その声を聞いて初めて、フェイトの片手の掌に声の主である彼女の愛機の魔法の杖、バルディッシュが置かれていることに気付いた。

 自分もろとも斬り裂かれたはずの彼も、逆三角形型の掌サイズの待機携帯―――スタンバイモードの姿で健在、罅ひとつとして存在していない。

 

「フェイト…」

 

 半獣半人の少女アルフが、フェイトの視界に入った。

 その身を苛ます悪夢から逃れたてな様子を見せたこともあって、勝気そうな顔には、フェイトを案じ、かなり心配している表情を浮かばせている。

 

「アルフ…私…どうして?あの後何があったの?」

「ああ、それがね…」

 

 フェイトの質問に対し、上手く説明できる表現がみつからないのか、アルフは苦笑いしながらはぐらかしている。

 

「あのさ、びっくりしないで、よ~く聞いてよ」

「うん…」

 

 前置きの後、フェイトが倒れた後に起きた出来事をアルフが話そうとしたその時。

 

「お、気がついたみてえだな」

 

 台所のある奥から、人が現れた。

 さっき驚かぬようアルフに念を押されたにも拘わらず、フェイトは内心動揺が隠せなかった。

 あの青い宝石を巡って自分と争い、自分を斬って打ち負かしたその張本人が目の前にいる。

 長い黒髪をポニーテールで縛った、長身で中性な顔つきの少年。

 一度、またあの映像が浮かび、恐怖心に埋め尽くされそうになったが、今のその少年からは、記憶では全身から発していた殺意は微塵も感じられない。

 ちょっと目つきが鋭い点があるが、紛れも無く同一人物であるはずなのに、どうしても記憶の中での彼と、眼前の彼を結びつくことができない。 

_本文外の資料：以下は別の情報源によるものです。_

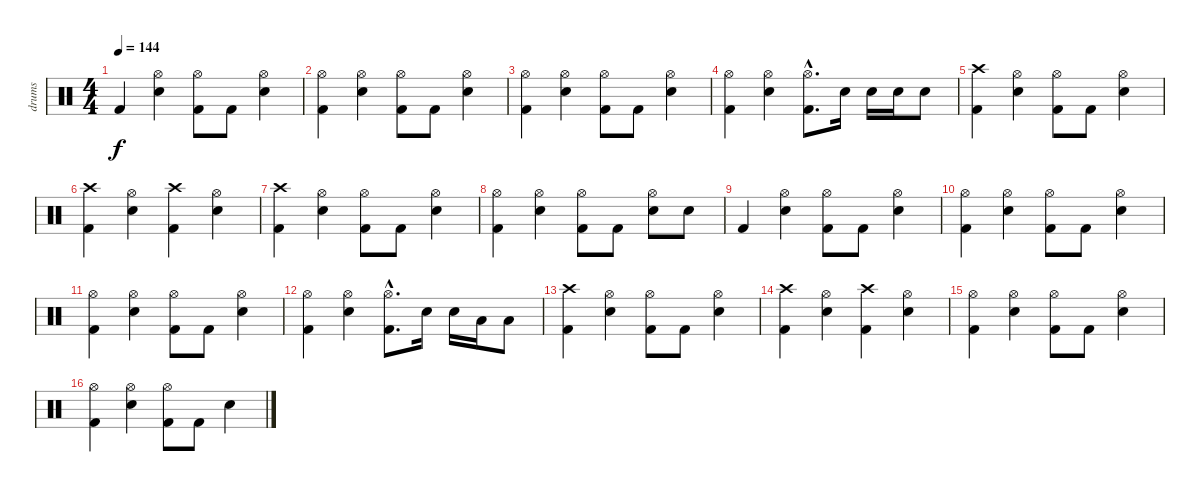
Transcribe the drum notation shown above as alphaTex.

\track ("drums" "drums") {instrument percussion}
\staff {score}
\articulation defaults
\ts (4 4)
\tempo 144
\clef neutral
\ks c "Kick (hit) 2".4{dy f}
("Hi-Hat (open)" "Electric Snare (hit)").4 ("Hi-Hat (open)" "Kick (hit) 2").8 "Kick (hit) 2".8 ("Hi-Hat (open)" "Electric Snare (hit)").4 |
("Hi-Hat (open)" "Kick (hit) 2").4 ("Hi-Hat (open)" "Electric Snare (hit)").4 ("Hi-Hat (open)" "Kick (hit) 2").8 "Kick (hit) 2".8 ("Hi-Hat (open)" "Electric Snare (hit)").4 |
("Hi-Hat (open)" "Kick (hit) 2").4 ("Hi-Hat (open)" "Electric Snare (hit)").4 ("Hi-Hat (open)" "Kick (hit) 2").8 "Kick (hit) 2".8 ("Hi-Hat (open)" "Electric Snare (hit)").4 |
("Hi-Hat (open)" "Kick (hit) 2").4 ("Hi-Hat (open)" "Electric Snare (hit)").4 ("Hi-Hat (open)"{hac} "Kick (hit) 2"{hac}).8{d} "Electric Snare (hit)".16 "Electric Snare (hit)".16 "Electric Snare (hit)".16 "Electric Snare (hit)".8 |
("Crash high (hit)" "Kick (hit) 2").4 ("Hi-Hat (open)" "Electric Snare (hit)").4 ("Hi-Hat (open)" "Kick (hit) 2").8 "Kick (hit) 2".8 ("Hi-Hat (open)" "Electric Snare (hit)").4 |
("Crash high (hit)" "Kick (hit) 2").4 ("Hi-Hat (open)" "Electric Snare (hit)").4 ("Crash high (hit)" "Kick (hit) 2").4 ("Hi-Hat (open)" "Electric Snare (hit)").4 |
("Crash high (hit)" "Kick (hit) 2").4 ("Hi-Hat (open)" "Electric Snare (hit)").4 ("Hi-Hat (open)" "Kick (hit) 2").8 "Kick (hit) 2".8 ("Hi-Hat (open)" "Electric Snare (hit)").4 |
("Hi-Hat (open)" "Kick (hit) 2").4 ("Hi-Hat (open)" "Electric Snare (hit)").4 ("Hi-Hat (open)" "Kick (hit) 2").8 "Kick (hit) 2".8 ("Hi-Hat (open)" "Electric Snare (hit)").8 "Electric Snare (hit)".8 |
"Kick (hit) 2".4 ("Hi-Hat (open)" "Electric Snare (hit)").4 ("Hi-Hat (open)" "Kick (hit) 2").8 "Kick (hit) 2".8 ("Hi-Hat (open)" "Electric Snare (hit)").4 |
("Hi-Hat (open)" "Kick (hit) 2").4 ("Hi-Hat (open)" "Electric Snare (hit)").4 ("Hi-Hat (open)" "Kick (hit) 2").8 "Kick (hit) 2".8 ("Hi-Hat (open)" "Electric Snare (hit)").4 |
("Hi-Hat (open)" "Kick (hit) 2").4 ("Hi-Hat (open)" "Electric Snare (hit)").4 ("Hi-Hat (open)" "Kick (hit) 2").8 "Kick (hit) 2".8 ("Hi-Hat (open)" "Electric Snare (hit)").4 |
("Hi-Hat (open)" "Kick (hit) 2").4 ("Hi-Hat (open)" "Electric Snare (hit)").4 ("Hi-Hat (open)"{hac} "Kick (hit) 2"{hac}).8{d} "Electric Snare (hit)".16 "Electric Snare (hit)".16 "Low Tom (hit)".16 "Low Tom (hit)".8 |
("Crash high (hit)" "Kick (hit) 2").4 ("Hi-Hat (open)" "Electric Snare (hit)").4 ("Hi-Hat (open)" "Kick (hit) 2").8 "Kick (hit) 2".8 ("Hi-Hat (open)" "Electric Snare (hit)").4 |
("Crash high (hit)" "Kick (hit) 2").4 ("Hi-Hat (open)" "Electric Snare (hit)").4 ("Crash high (hit)" "Kick (hit) 2").4 ("Hi-Hat (open)" "Electric Snare (hit)").4 |
("Hi-Hat (open)" "Kick (hit) 2").4 ("Hi-Hat (open)" "Electric Snare (hit)").4 ("Hi-Hat (open)" "Kick (hit) 2").8 "Kick (hit) 2".8 ("Hi-Hat (open)" "Electric Snare (hit)").4 |
("Hi-Hat (open)" "Kick (hit) 2").4 ("Hi-Hat (open)" "Electric Snare (hit)").4 ("Hi-Hat (open)" "Kick (hit) 2").8 "Kick (hit) 2".8 "Electric Snare (hit)".4
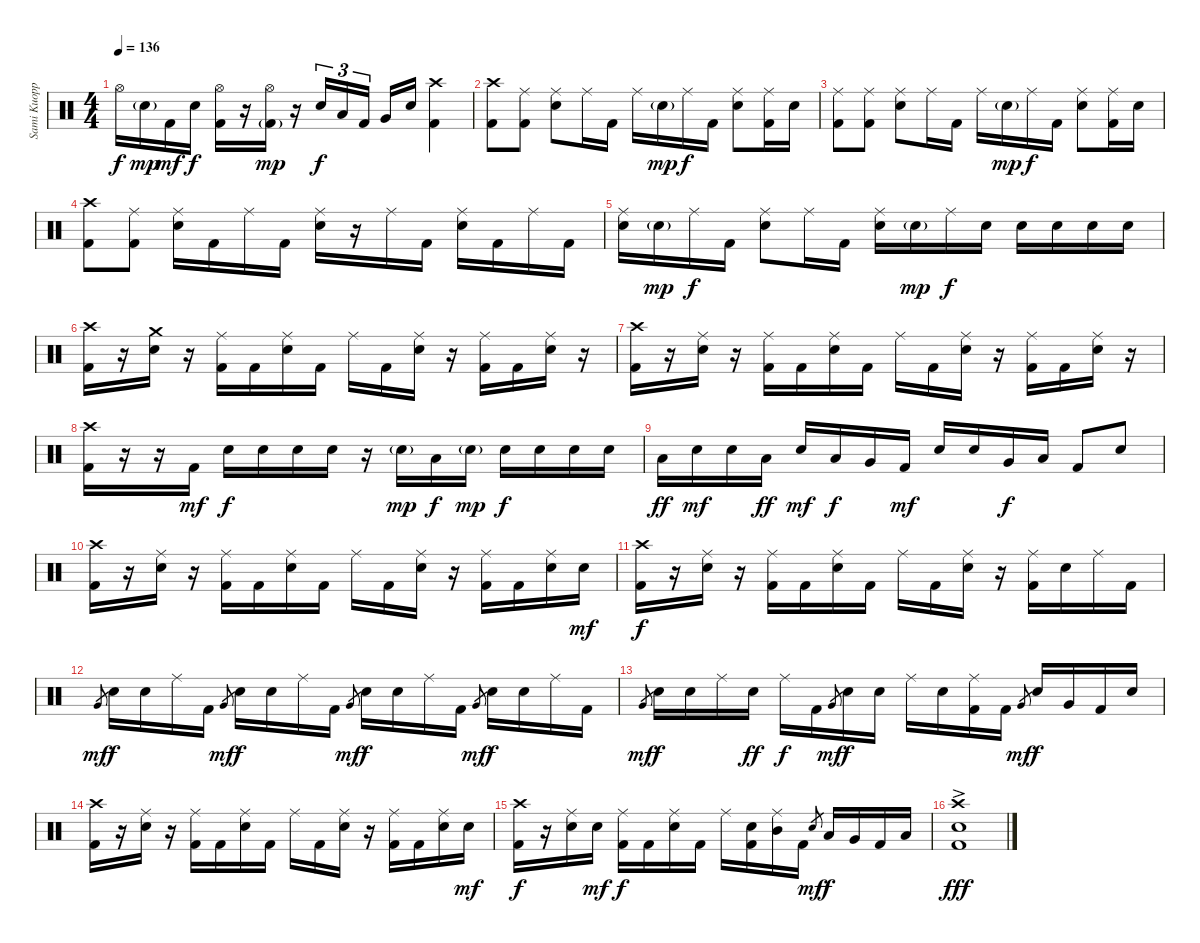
\track ("Sami Kuoppamäki - Drums" "Sami Kuopp") {instrument percussion}
\staff {score}
\articulation defaults
\ts (4 4)
\tempo 136
\clef neutral
\ks c "Hi-Hat (open)".16{dy f} "Snare (hit) 2"{g}.16{dy mp} "Kick (hit) 2".16{dy mf} "Snare (hit) 2".16{dy f}
("Hi-Hat (open)" "Kick (hit) 2").16 r.16 ("Hi-Hat (open)" "Kick (hit) 2"{g}).16{dy mp} r.16 "Snare (hit) 2".16{tu (3 2) dy f} "Low Tom (hit)".16{tu (3 2)} "Kick (hit) 2".16{tu (3 2)} "Very Low Tom (hit)".16 "Snare (hit) 2".16 ("Crash high (hit)" "Kick (hit) 2").4 |
("Crash high (hit)" "Kick (hit) 2").8 ("Ride (middle)" "Kick (hit) 2").8 ("Ride (middle)" "Snare (hit) 2").8 "Ride (middle)".16 "Kick (hit) 2".16 "Ride (middle)".16 "Snare (hit) 2"{g}.16{dy mp} "Ride (middle)".16{dy f} "Kick (hit) 2".16 ("Ride (middle)" "Snare (hit) 2").8 ("Ride (middle)" "Kick (hit) 2").16 "Snare (hit) 2".16 |
("Ride (middle)" "Kick (hit) 2").8 ("Ride (middle)" "Kick (hit) 2").8 ("Ride (middle)" "Snare (hit) 2").8 "Ride (middle)".16 "Kick (hit) 2".16 "Ride (middle)".16 "Snare (hit) 2"{g}.16{dy mp} "Ride (middle)".16{dy f} "Kick (hit) 2".16 ("Ride (middle)" "Snare (hit) 2").8 ("Ride (middle)" "Kick (hit) 2").16 "Snare (hit) 2".16 |
("Crash high (hit)" "Kick (hit) 2").8 ("Ride (middle)" "Kick (hit) 2").8 ("Ride (middle)" "Snare (hit) 2").16 "Kick (hit) 2".16 "Ride (middle)".16 "Kick (hit) 2".16 ("Ride (middle)" "Snare (hit) 2").16 r.16 "Ride (middle)".16 "Kick (hit) 2".16 ("Ride (middle)" "Snare (hit) 2").16 "Kick (hit) 2".16 "Ride (middle)".16 "Kick (hit) 2".16 |
("Ride (middle)" "Snare (hit) 2").16 "Snare (hit) 2"{g}.16{dy mp} "Ride (middle)".16{dy f} "Kick (hit) 2".16 ("Ride (middle)" "Snare (hit) 2").8 "Ride (middle)".16 "Kick (hit) 2".16 ("Ride (middle)" "Snare (hit) 2").16 "Snare (hit) 2"{g}.16{dy mp} "Ride (middle)".16{dy f} "Snare (hit) 2".16 "Snare (hit) 2".16 "Snare (hit) 2".16 "Snare (hit) 2".16 "Snare (hit) 2".16 |
("Crash high (hit)" "Kick (hit) 2").16 r.16 ("Crash medium (hit)" "Snare (hit) 2").16 r.16 ("Ride (middle)" "Kick (hit) 2").16 "Kick (hit) 2".16 ("Ride (middle)" "Snare (hit) 2").16 "Kick (hit) 2".16 "Ride (middle)".16 "Kick (hit) 2".16 ("Ride (middle)" "Snare (hit) 2").16 r.16 ("Ride (middle)" "Kick (hit) 2").16 "Kick (hit) 2".16 ("Ride (middle)" "Snare (hit) 2").16 r.16 |
("Crash high (hit)" "Kick (hit) 2").16 r.16 ("Ride (middle)" "Snare (hit) 2").16 r.16 ("Ride (middle)" "Kick (hit) 2").16 "Kick (hit) 2".16 ("Ride (middle)" "Snare (hit) 2").16 "Kick (hit) 2".16 "Ride (middle)".16 "Kick (hit) 2".16 ("Ride (middle)" "Snare (hit) 2").16 r.16 ("Ride (middle)" "Kick (hit) 2").16 "Kick (hit) 2".16 ("Ride (middle)" "Snare (hit) 2").16 r.16 |
("Crash high (hit)" "Kick (hit) 2").16 r.16 r.16 "Kick (hit) 2".16{dy mf} "Snare (hit) 2".16{dy f} "Snare (hit) 2".16 "Snare (hit) 2".16 "Snare (hit) 2".16 r.16 "Snare (hit) 2"{g}.16{dy mp} "Low Tom (hit)".16{dy f} "Snare (hit) 2"{g}.16{dy mp} "Snare (hit) 2".16{dy f} "Snare (hit) 2".16 "Snare (hit) 2".16 "Snare (hit) 2".16 |
"Low Tom (hit)".16{dy ff} "Snare (hit) 2".16{dy mf} "Snare (hit) 2".16 "Low Tom (hit)".16{dy ff} "Snare (hit) 2".16{dy mf} "Low Tom (hit)".16{dy f} "Very Low Tom (hit)".16 "Kick (hit) 2".16{dy mf} "Snare (hit) 2".16 "Snare (hit) 2".16 "Very Low Tom (hit)".16{dy f} "Low Floor Tom (hit)".16 "Kick (hit) 2".8 "Snare (hit) 2".8 |
("Crash high (hit)" "Kick (hit) 2").16 r.16 ("Ride (middle)" "Snare (hit) 2").16 r.16 ("Ride (middle)" "Kick (hit) 2").16 "Kick (hit) 2".16 ("Ride (middle)" "Snare (hit) 2").16 "Kick (hit) 2".16 "Ride (middle)".16 "Kick (hit) 2".16 ("Ride (middle)" "Snare (hit) 2").16 r.16 ("Ride (middle)" "Kick (hit) 2").16 "Kick (hit) 2".16 ("Ride (middle)" "Snare (hit) 2").16 "Snare (hit) 2".16{dy mf} |
("Crash high (hit)" "Kick (hit) 2").16{dy f} r.16 ("Ride (middle)" "Snare (hit) 2").16 r.16 ("Ride (middle)" "Kick (hit) 2").16 "Kick (hit) 2".16 ("Ride (middle)" "Snare (hit) 2").16 "Kick (hit) 2".16 "Ride (middle)".16 "Kick (hit) 2".16 ("Ride (middle)" "Snare (hit) 2").16 r.16 ("Ride (middle)" "Kick (hit) 2").16 "Snare (hit) 2".16 "Ride (middle)".16 "Kick (hit) 2".16 |
"Very Low Tom (hit)".8{gr dy mf} "Snare (hit) 2".16{dy f} "Snare (hit) 2".16 "Ride (middle)".16 "Kick (hit) 2".16 "Very Low Tom (hit)".8{gr dy mf} "Snare (hit) 2".16{dy f} "Snare (hit) 2".16 "Ride (middle)".16 "Kick (hit) 2".16 "Very Low Tom (hit)".8{gr dy mf} "Snare (hit) 2".16{dy f} "Snare (hit) 2".16 "Ride (middle)".16 "Kick (hit) 2".16 "Very Low Tom (hit)".8{gr dy mf} "Snare (hit) 2".16{dy f} "Snare (hit) 2".16 "Ride (middle)".16 "Kick (hit) 2".16 |
"Very Low Tom (hit)".8{gr dy mf} "Snare (hit) 2".16{dy f} "Snare (hit) 2".16 "Ride (middle)".16 "Snare (hit) 2".16{dy ff} "Ride (middle)".16{dy f} "Kick (hit) 2".16 "Very Low Tom (hit)".8{gr dy mf} "Snare (hit) 2".16{dy f} "Snare (hit) 2".16 "Ride (middle)".16 "Snare (hit) 2".16 ("Ride (middle)" "Kick (hit) 2").16 "Kick (hit) 2".16 "Very Low Tom (hit)".8{gr dy mf} "Snare (hit) 2".16{dy f} "Very Low Tom (hit)".16 "Kick (hit) 2".16 "Snare (hit) 2".16 |
("Crash high (hit)" "Kick (hit) 2").16 r.16 ("Ride (middle)" "Snare (hit) 2").16 r.16 ("Ride (middle)" "Kick (hit) 2").16 "Kick (hit) 2".16 ("Ride (middle)" "Snare (hit) 2").16 "Kick (hit) 2".16 "Ride (middle)".16 "Kick (hit) 2".16 ("Ride (middle)" "Snare (hit) 2").16 r.16 ("Ride (middle)" "Kick (hit) 2").16 "Kick (hit) 2".16 ("Ride (middle)" "Snare (hit) 2").16 "Snare (hit) 2".16{dy mf} |
("Crash high (hit)" "Kick (hit) 2").16{dy f} r.16 ("Ride (middle)" "Snare (hit) 2").16 "Snare (hit) 2".16{dy mf} ("Ride (middle)" "Kick (hit) 2").16{dy f} "Kick (hit) 2".16 ("Ride (middle)" "Snare (hit) 2").16 "Kick (hit) 2".16 "Ride (middle)".16 ("Snare (hit) 2" "Kick (hit) 2").16 ("Ride (middle)" "Mid Tom (hit)").16 "Kick (hit) 2".16 "Snare (hit) 2".8{gr dy mf} "Low Tom (hit)".16{dy f} "Very Low Tom (hit)".16 "Kick (hit) 2".16 "Low Floor Tom (hit)".16 |
("Crash high (hit)"{ac} "Snare (hit) 2"{ac} "Kick (hit) 2").1{dy fff}
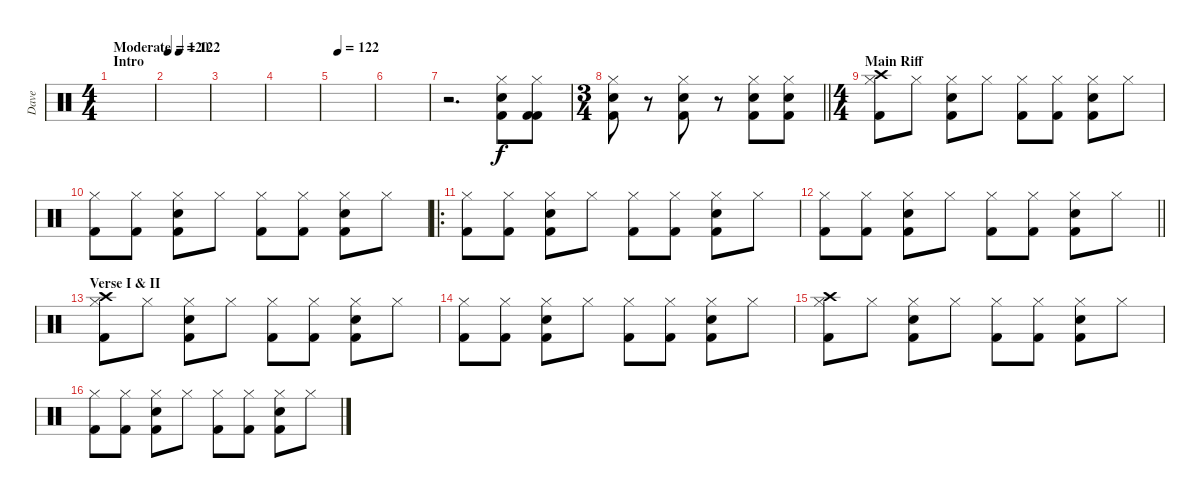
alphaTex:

\track ("Dave" "Dave") {instrument percussion}
\staff {score}
\articulation defaults
\ts (4 4)
\section ("" "Intro")
\tempo (122 "Moderate")
\tempo 119
\tempo (122 "Moderate")
\clef neutral
\ks c
|
\tempo 120
|
|
|
\tempo (122 0.125)
|
|
r.2{d} ("Hi-Hat (closed)" "Snare (hit) 2" "Kick (hit) 2").8 ("Hi-Hat (closed)" "Kick (hit) 2" "Kick (hit) 2").8 |
\ts (3 4)
\barLineRight lightlight
("Hi-Hat (closed)" "Snare (hit) 2" "Kick (hit) 2").8 r.8 ("Hi-Hat (closed)" "Snare (hit) 2" "Kick (hit) 2").8 r.8 ("Hi-Hat (closed)" "Snare (hit) 2" "Kick (hit) 2").8 ("Hi-Hat (closed)" "Snare (hit) 2" "Kick (hit) 2").8 |
\ts (4 4)
\section ("" "Main Riff")
("Crash high (hit)" "Hi-Hat (closed)" "Kick (hit) 2").8 "Hi-Hat (closed)".8 ("Hi-Hat (closed)" "Snare (hit) 2" "Kick (hit) 2").8 "Hi-Hat (closed)".8 ("Hi-Hat (closed)" "Kick (hit) 2").8 ("Hi-Hat (closed)" "Kick (hit) 2").8 ("Hi-Hat (closed)" "Snare (hit) 2" "Kick (hit) 2").8 "Hi-Hat (closed)".8 |
("Hi-Hat (closed)" "Kick (hit) 2").8 ("Hi-Hat (closed)" "Kick (hit) 2").8 ("Hi-Hat (closed)" "Snare (hit) 2" "Kick (hit) 2").8 "Hi-Hat (closed)".8 ("Hi-Hat (closed)" "Kick (hit) 2").8 ("Hi-Hat (closed)" "Kick (hit) 2").8 ("Hi-Hat (closed)" "Snare (hit) 2" "Kick (hit) 2").8 "Hi-Hat (closed)".8 |
\ro
("Hi-Hat (closed)" "Kick (hit) 2").8 ("Hi-Hat (closed)" "Kick (hit) 2").8 ("Hi-Hat (closed)" "Snare (hit) 2" "Kick (hit) 2").8 "Hi-Hat (closed)".8 ("Hi-Hat (closed)" "Kick (hit) 2").8 ("Hi-Hat (closed)" "Kick (hit) 2").8 ("Hi-Hat (closed)" "Snare (hit) 2" "Kick (hit) 2").8 "Hi-Hat (closed)".8 |
\barLineRight lightlight
("Hi-Hat (closed)" "Kick (hit) 2").8 ("Hi-Hat (closed)" "Kick (hit) 2").8 ("Hi-Hat (closed)" "Snare (hit) 2" "Kick (hit) 2").8 "Hi-Hat (closed)".8 ("Hi-Hat (closed)" "Kick (hit) 2").8 ("Hi-Hat (closed)" "Kick (hit) 2").8 ("Hi-Hat (closed)" "Snare (hit) 2" "Kick (hit) 2").8 "Hi-Hat (closed)".8 |
\section ("" "Verse I & II")
("Crash high (hit)" "Hi-Hat (closed)" "Kick (hit) 2").8 "Hi-Hat (closed)".8 ("Hi-Hat (closed)" "Snare (hit) 2" "Kick (hit) 2").8 "Hi-Hat (closed)".8 ("Hi-Hat (closed)" "Kick (hit) 2").8 ("Hi-Hat (closed)" "Kick (hit) 2").8 ("Hi-Hat (closed)" "Snare (hit) 2" "Kick (hit) 2").8 "Hi-Hat (closed)".8 |
("Hi-Hat (closed)" "Kick (hit) 2").8 ("Hi-Hat (closed)" "Kick (hit) 2").8 ("Hi-Hat (closed)" "Snare (hit) 2" "Kick (hit) 2").8 "Hi-Hat (closed)".8 ("Hi-Hat (closed)" "Kick (hit) 2").8 ("Hi-Hat (closed)" "Kick (hit) 2").8 ("Hi-Hat (closed)" "Snare (hit) 2" "Kick (hit) 2").8 "Hi-Hat (closed)".8 |
("Crash high (hit)" "Hi-Hat (closed)" "Kick (hit) 2").8 "Hi-Hat (closed)".8 ("Hi-Hat (closed)" "Snare (hit) 2" "Kick (hit) 2").8 "Hi-Hat (closed)".8 ("Hi-Hat (closed)" "Kick (hit) 2").8 ("Hi-Hat (closed)" "Kick (hit) 2").8 ("Hi-Hat (closed)" "Snare (hit) 2" "Kick (hit) 2").8 "Hi-Hat (closed)".8 |
("Hi-Hat (closed)" "Kick (hit) 2").8 ("Hi-Hat (closed)" "Kick (hit) 2").8 ("Hi-Hat (closed)" "Snare (hit) 2" "Kick (hit) 2").8 "Hi-Hat (closed)".8 ("Hi-Hat (closed)" "Kick (hit) 2").8 ("Hi-Hat (closed)" "Kick (hit) 2").8 ("Hi-Hat (closed)" "Snare (hit) 2" "Kick (hit) 2").8 "Hi-Hat (closed)".8

 何よりも驚いたのは彼が先程の戦闘で着ていたこげ茶色ジャケットの代わりにエプロンを着て、銃や剣に変形した《デバイス》の代わりに、調理器具を持っていることだった。

 

「アルフ…どういうことなの?」

「いや…実はね…」

 

 

 

 

 

 

 話は、『フェイトを一刀両断した』直後に遡る。

 

「てめぇぇぇぇぇぇぇぇーーーーーーーー!!」

 

 フェイトがひれ伏された光景に激昂したアルフは、少年に向け突進する。

 跳躍の勢いで振るわれた拳は、少年が跳躍して後退したことで空振りになった。

 少年はといえば、持っていた刀を鞘に納めると、それは粒子になって左手の腕輪に吸いこまれた。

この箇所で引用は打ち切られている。